• Exercise: Copy only the lines between the one containing "Return a YAML" and the end of the records, both included, leaving out pictures.

• Data shown:
——
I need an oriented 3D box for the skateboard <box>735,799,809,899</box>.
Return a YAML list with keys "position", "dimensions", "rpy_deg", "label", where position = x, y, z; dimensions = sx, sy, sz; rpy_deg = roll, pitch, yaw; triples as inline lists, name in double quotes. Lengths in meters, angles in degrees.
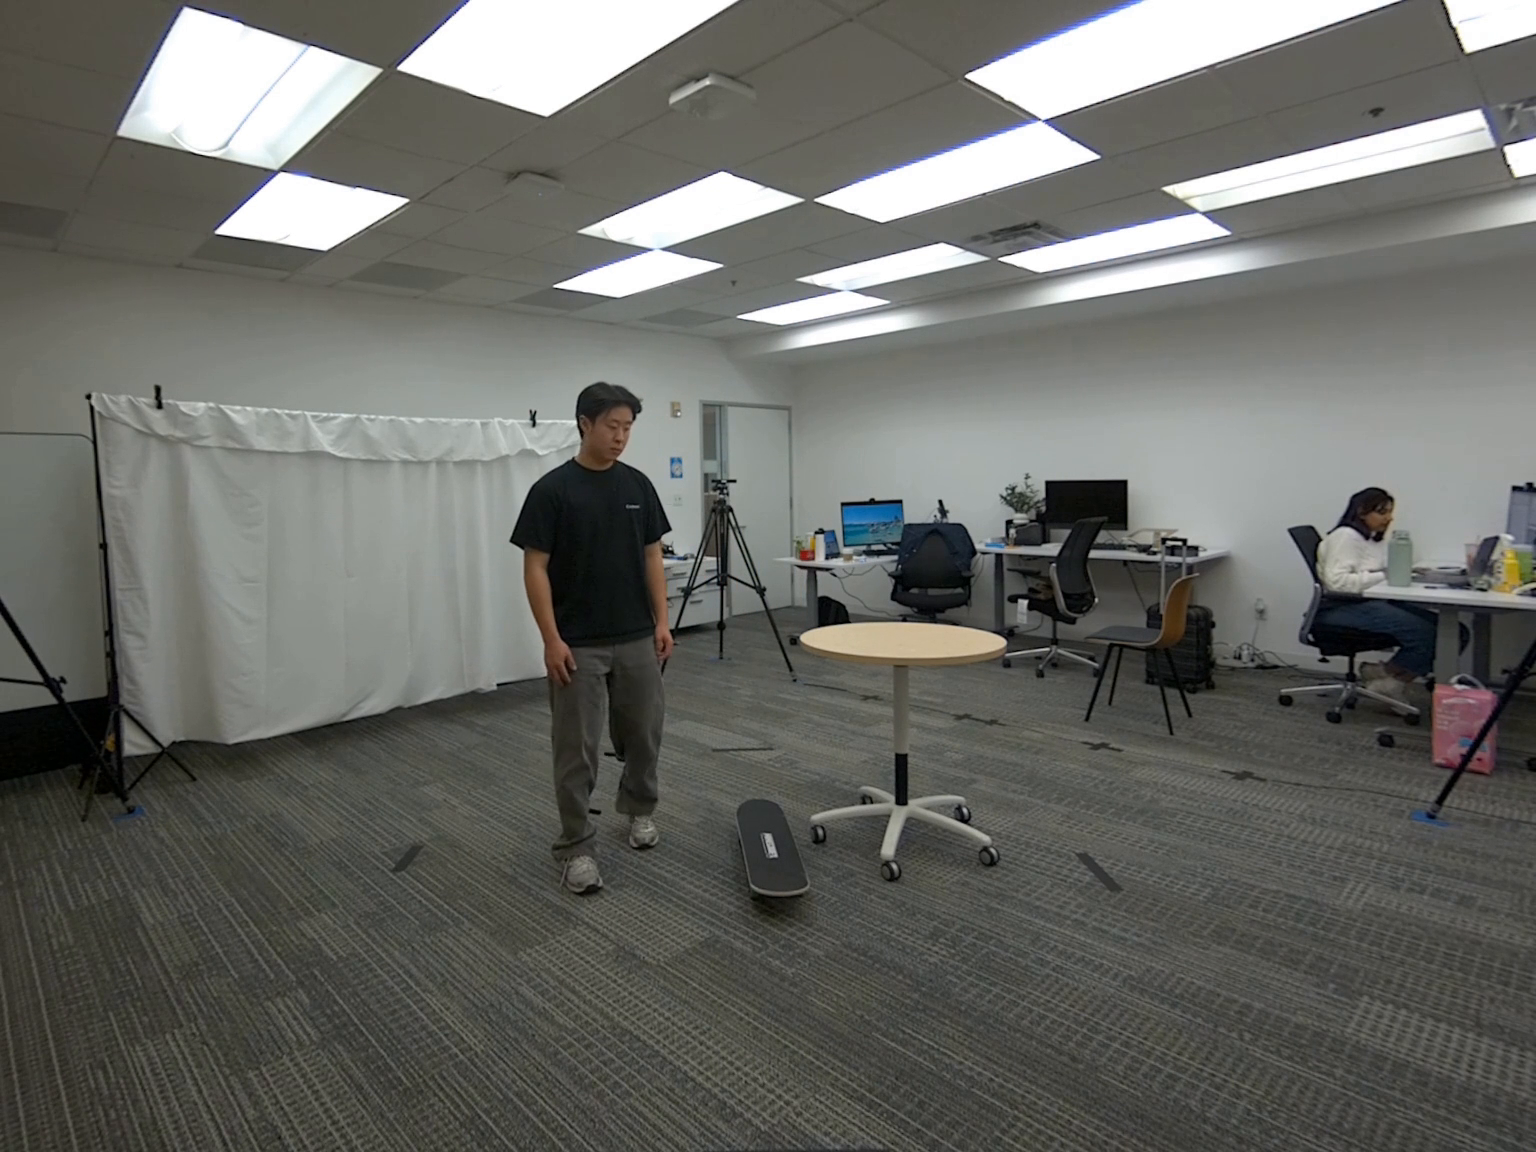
- position: [0.010, 0.995, 3.052]
  dimensions: [0.192, 0.110, 0.793]
  rpy_deg: [-1, 6, -7]
  label: "skateboard"
——
• Answer for the task:
Return a YAML list with keys "position", "dimensions", "rpy_deg", "label", where position = x, y, z; dimensions = sx, sy, sz; rpy_deg = roll, pitch, yaw; triples as inline lists, name in double quotes. Lengths in meters, angles in degrees.
- position: [0.010, 0.995, 3.052]
  dimensions: [0.192, 0.110, 0.793]
  rpy_deg: [-1, 6, -7]
  label: "skateboard"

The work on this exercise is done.